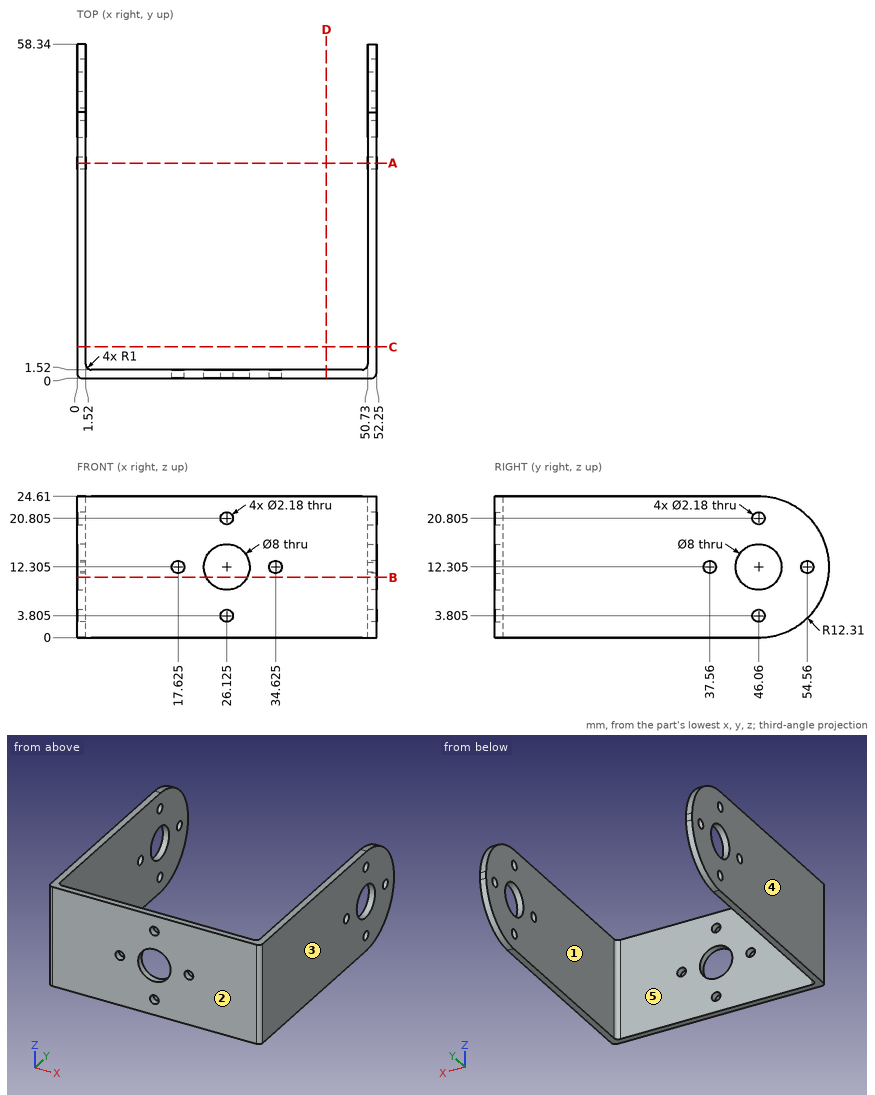
Check sheet for the drawn part. Datum: minimum x, y, z corner. Units: mm. A direction names the side the tool comes from. Round coordinates to 2 decimals unless told otherwise and drop trailing zeros. Loops run counter-clockwise (first coordinate to the right, second up) from the corner with the lowest first, then second, coordinate; pieces in that order, holes last.
Item 1: Cross-section at C-C on y = 5.5. Record the boundary of the cut face in (x, z), then the cut area to 3 significant figures.
Item 2: Mould release check, pull along X, two halves, no side actions. Record for the marked faces 3, 4 and 5: pulls with the +X half, pulls with the -X half, needs draft (parallel to the pull), parting line crosses it, or undercut.
Item 3: Cross-section at D-D on x = 43.5. Record the boundary of the cut face in (y, z), then the cut area to 3 significant figures.
Item 4: Cross-section at A-A on y = 37.56. Record the boundary of the cut face in (x, z) (3 decimals), then the cut area to 3 significant figures.
Item 5: Access from +Z, -Z, +X, -X, +Y, -Y to the whole of each face (thin tool, end or side, straight path). Record for the marked faces 1 and 2.
Item 6: Gauge pin test, flat ends, axial feed: pin 1 (12.5 mm diameter, centred on x = 19, z = 12, fed in from +Y); pin 2 (1.3 mm diameter, centred on y = 37.56, z = 12.305, fed in from -X); pin 3 (10 mm diameter, centred on x = 7, z = 10, fed in from +Y). Record the tip position at first contact, or that the pin passes through.
Item 7: Cross-section at B-B on z = 10.5. Record the boundary of the cut face in (x, y), then the cut area to 3 significant figures.
Item 8: Thickness scan on line 1 (X direction, y = 26, z = 18.25); line 2 (Y direction, x = 37, z = 4.25); line 3 (Y direction, x = 50, z = 16.25). Record the ranges inside material, lowest first.
Answer sheet:
1. outline: (0, 0) - (1.52, 0) - (1.52, 24.61) - (0, 24.61) - close; (50.73, 0) - (52.25, 0) - (52.25, 24.61) - (50.73, 24.61) - close
1. area: 74.8 mm2
2. face 3: pulls with the +X half
2. face 4: pulls with the -X half
2. face 5: undercut
3. outline: (0, 0) - (1.52, 0) - (1.52, 24.61) - (0, 24.61) - close
3. area: 37.4 mm2
4. outline: (0, 0) - (1.52, 0) - (1.52, 11.215) - (0, 11.215) - close; (0, 13.395) - (1.52, 13.395) - (1.52, 24.61) - (0, 24.61) - close; (50.73, 0) - (52.25, 0) - (52.25, 11.215) - (50.73, 11.215) - close; (50.73, 13.395) - (52.25, 13.395) - (52.25, 24.61) - (50.73, 24.61) - close
4. area: 68.2 mm2
5. face 1: +Z, -Z, +Y
5. face 2: +Z, -Z, +X, -X, -Y
6. pin 1: stops at y = 1.52
6. pin 2: passes through
6. pin 3: stops at y = 1.67
7. outline: (0, 1) arc R1 ccw to (1, 0) - (22.56, 0) - (22.56, 1.52) - (2.52, 1.52) arc R1 cw to (1.52, 2.52) - (1.52, 42.49) - (0, 42.49) - close; (0, 49.63) - (1.52, 49.63) - (1.52, 58.24) - (0, 58.24) - close; (29.69, 0) - (51.25, 0) arc R1 ccw to (52.25, 1) - (52.25, 42.49) - (50.73, 42.49) - (50.73, 2.52) arc R1 cw to (49.73, 1.52) - (29.69, 1.52) - close; (50.73, 49.63) - (52.25, 49.63) - (52.25, 58.24) - (50.73, 58.24) - close
7. area: 219 mm2
8. line 1: x = 0 to 1.52, 50.73 to 52.25
8. line 2: y = 0 to 1.52
8. line 3: y = 0 to 1.56

■ ■ ■ ■ ■

DIRECTIONS: Output exactly the lines from the one with "5. face 2: +Z, -Z, +X, -X, -Y" through the final line of the listing above.

TASK RESPONSE:
5. face 2: +Z, -Z, +X, -X, -Y
6. pin 1: stops at y = 1.52
6. pin 2: passes through
6. pin 3: stops at y = 1.67
7. outline: (0, 1) arc R1 ccw to (1, 0) - (22.56, 0) - (22.56, 1.52) - (2.52, 1.52) arc R1 cw to (1.52, 2.52) - (1.52, 42.49) - (0, 42.49) - close; (0, 49.63) - (1.52, 49.63) - (1.52, 58.24) - (0, 58.24) - close; (29.69, 0) - (51.25, 0) arc R1 ccw to (52.25, 1) - (52.25, 42.49) - (50.73, 42.49) - (50.73, 2.52) arc R1 cw to (49.73, 1.52) - (29.69, 1.52) - close; (50.73, 49.63) - (52.25, 49.63) - (52.25, 58.24) - (50.73, 58.24) - close
7. area: 219 mm2
8. line 1: x = 0 to 1.52, 50.73 to 52.25
8. line 2: y = 0 to 1.52
8. line 3: y = 0 to 1.56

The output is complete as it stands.